I enjoyed the article, well written and some great advice.
I am a fairly experienced paddler with many 12-14 day expiditions along the exposed New Zealand North Island East Coast, and many many many 1, 2 & 3 day trips.
I have been seasick on quite a few of these trips (always day two)and have traced some of it down to the following.
* Too tight a spray skirt - I have changed to a loose one with suspender straps and this has made a huge difference.
* Eating canned stew - I love the Irish stew and beef casserole and with their meat/vege contents think it makes an excellent meal - but I always seem to be sick after half an hour on the water the next morning. I have found other foods to avoid as well but the canned meat seems to be the worst culprit.
By eliminating the above two items I have almost eliminated my bad second day on the trips.
* The other critical area seems to be paddling around headlands in certain seas. The incoming swell, angle chop with rebound of headlands can upset my tummy something wicked.
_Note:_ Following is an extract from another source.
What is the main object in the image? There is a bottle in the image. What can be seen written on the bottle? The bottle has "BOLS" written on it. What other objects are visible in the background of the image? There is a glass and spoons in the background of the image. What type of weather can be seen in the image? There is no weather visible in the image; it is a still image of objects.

A friend who is a vet once commented that he thought only horses projectile vomited and as the article says you can only face forwards and clean up afterwards, that gauze pouch on the front of my paddling jacket was the pits to clean so I now have a different jacket. The difference when paddling with friends is that they don't come to your rescue unless you really need it and when being sick they hover and make those "hawking being sick noises" which only serve to make you feel worse until you feel well enough to politely tell them to go away.
On these trips I am the only one who can paddle out of the conditions causing it and so I put up with the sickness and paddle myself out of the conditions causing it... Even the food related ones.
My friends know that even in my worst state I am (and have been) there for then if they are in trouble - in fact I am usually the rescuer and got into trouble myself once and no-one else had a towrope as John never needs rescuing - Yes, a big lesson learnt that trip.
I think that hard core paddlers can keep going and do not need to return to shore, but have found with others that getting to shore is the only option and then often the trip is cancelled and a plan is formulated on how to get back. I have found without exception that everyone seems to be able to paddle back after having a break on land. I explain to them that the only option is for them to paddle back (we know it is not the only option, don't we?) and this gets them emotionally prepared to do so.
Yes, feel for those who are sick - they do not choose to be that way - and even though it can be annoying any trip is only as strong as the weakest person and they govern both speed and duration of any trip.
Enjoy and, keep up the excellent work and website.